** Listed records follows **

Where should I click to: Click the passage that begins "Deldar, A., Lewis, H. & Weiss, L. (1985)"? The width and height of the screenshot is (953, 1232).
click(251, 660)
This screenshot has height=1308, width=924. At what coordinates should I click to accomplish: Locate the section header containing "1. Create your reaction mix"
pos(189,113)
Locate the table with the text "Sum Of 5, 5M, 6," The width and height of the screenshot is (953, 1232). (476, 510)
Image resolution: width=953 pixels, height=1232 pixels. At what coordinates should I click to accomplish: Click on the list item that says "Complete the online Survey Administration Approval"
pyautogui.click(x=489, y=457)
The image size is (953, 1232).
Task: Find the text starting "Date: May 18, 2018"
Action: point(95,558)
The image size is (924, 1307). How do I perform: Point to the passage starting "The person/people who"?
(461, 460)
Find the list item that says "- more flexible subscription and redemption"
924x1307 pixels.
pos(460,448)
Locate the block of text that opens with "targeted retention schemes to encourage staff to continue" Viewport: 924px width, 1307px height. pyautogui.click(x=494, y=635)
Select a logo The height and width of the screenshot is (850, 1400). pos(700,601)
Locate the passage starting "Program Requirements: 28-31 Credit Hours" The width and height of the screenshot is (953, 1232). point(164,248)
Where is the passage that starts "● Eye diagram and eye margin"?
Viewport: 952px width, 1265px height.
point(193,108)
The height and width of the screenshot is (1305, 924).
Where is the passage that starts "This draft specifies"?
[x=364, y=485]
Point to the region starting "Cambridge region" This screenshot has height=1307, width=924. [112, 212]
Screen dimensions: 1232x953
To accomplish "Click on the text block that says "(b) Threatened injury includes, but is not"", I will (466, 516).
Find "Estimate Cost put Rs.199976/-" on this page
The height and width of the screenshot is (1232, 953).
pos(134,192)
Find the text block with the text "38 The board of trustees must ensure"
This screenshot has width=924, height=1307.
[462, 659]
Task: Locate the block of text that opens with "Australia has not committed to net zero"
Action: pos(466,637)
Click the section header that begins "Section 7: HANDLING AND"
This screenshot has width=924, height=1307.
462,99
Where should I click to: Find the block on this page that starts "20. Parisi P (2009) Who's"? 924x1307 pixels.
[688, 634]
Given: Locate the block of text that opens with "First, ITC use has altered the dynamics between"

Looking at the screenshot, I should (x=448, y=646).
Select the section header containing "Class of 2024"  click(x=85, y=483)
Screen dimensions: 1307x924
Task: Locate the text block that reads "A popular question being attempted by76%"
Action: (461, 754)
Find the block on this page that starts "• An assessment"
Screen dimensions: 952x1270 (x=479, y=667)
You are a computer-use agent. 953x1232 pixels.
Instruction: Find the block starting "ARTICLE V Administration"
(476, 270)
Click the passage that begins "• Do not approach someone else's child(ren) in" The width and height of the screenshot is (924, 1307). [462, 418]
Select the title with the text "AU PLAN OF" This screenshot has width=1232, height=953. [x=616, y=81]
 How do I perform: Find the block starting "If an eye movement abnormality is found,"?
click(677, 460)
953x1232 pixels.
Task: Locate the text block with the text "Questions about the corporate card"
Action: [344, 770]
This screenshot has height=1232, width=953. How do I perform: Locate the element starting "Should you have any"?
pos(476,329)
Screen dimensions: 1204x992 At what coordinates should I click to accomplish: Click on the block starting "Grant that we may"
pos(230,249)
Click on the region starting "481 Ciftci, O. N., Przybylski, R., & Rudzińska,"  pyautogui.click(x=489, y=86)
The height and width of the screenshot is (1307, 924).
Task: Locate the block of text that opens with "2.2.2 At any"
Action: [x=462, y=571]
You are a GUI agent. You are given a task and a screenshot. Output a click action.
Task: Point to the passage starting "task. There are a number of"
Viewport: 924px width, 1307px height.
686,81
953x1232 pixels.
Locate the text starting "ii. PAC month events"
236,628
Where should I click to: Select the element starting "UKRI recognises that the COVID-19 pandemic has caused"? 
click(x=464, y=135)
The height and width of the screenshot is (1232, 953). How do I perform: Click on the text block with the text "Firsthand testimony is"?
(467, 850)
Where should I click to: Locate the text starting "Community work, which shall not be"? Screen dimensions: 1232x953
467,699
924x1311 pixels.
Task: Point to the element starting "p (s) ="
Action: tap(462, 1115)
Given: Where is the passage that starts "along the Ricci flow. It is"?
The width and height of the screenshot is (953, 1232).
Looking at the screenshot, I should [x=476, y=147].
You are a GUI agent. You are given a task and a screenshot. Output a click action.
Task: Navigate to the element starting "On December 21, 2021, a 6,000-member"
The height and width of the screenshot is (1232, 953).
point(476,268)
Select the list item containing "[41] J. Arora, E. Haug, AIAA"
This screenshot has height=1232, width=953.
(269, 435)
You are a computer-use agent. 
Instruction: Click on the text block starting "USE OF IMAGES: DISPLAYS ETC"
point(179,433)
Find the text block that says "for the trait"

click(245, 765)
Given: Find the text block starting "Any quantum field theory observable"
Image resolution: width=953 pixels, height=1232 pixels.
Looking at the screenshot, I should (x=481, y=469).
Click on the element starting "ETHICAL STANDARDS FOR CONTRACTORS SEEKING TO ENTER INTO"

** End of Listed records **

*What you need to do:*
Write out exactly the lines from the start of the material through the line with "Select a logo". No other output is expected.

*Task answer:*
Where should I click to: Click the passage that begins "Deldar, A., Lewis, H. & Weiss, L. (1985)"? The width and height of the screenshot is (953, 1232).
click(251, 660)
This screenshot has height=1308, width=924. At what coordinates should I click to accomplish: Locate the section header containing "1. Create your reaction mix"
pos(189,113)
Locate the table with the text "Sum Of 5, 5M, 6," The width and height of the screenshot is (953, 1232). (476, 510)
Image resolution: width=953 pixels, height=1232 pixels. At what coordinates should I click to accomplish: Click on the list item that says "Complete the online Survey Administration Approval"
pyautogui.click(x=489, y=457)
The image size is (953, 1232).
Task: Find the text starting "Date: May 18, 2018"
Action: point(95,558)
The image size is (924, 1307). How do I perform: Point to the passage starting "The person/people who"?
(461, 460)
Find the list item that says "- more flexible subscription and redemption"
924x1307 pixels.
pos(460,448)
Locate the block of text that opens with "targeted retention schemes to encourage staff to continue" Viewport: 924px width, 1307px height. pyautogui.click(x=494, y=635)
Select a logo The height and width of the screenshot is (850, 1400). pos(700,601)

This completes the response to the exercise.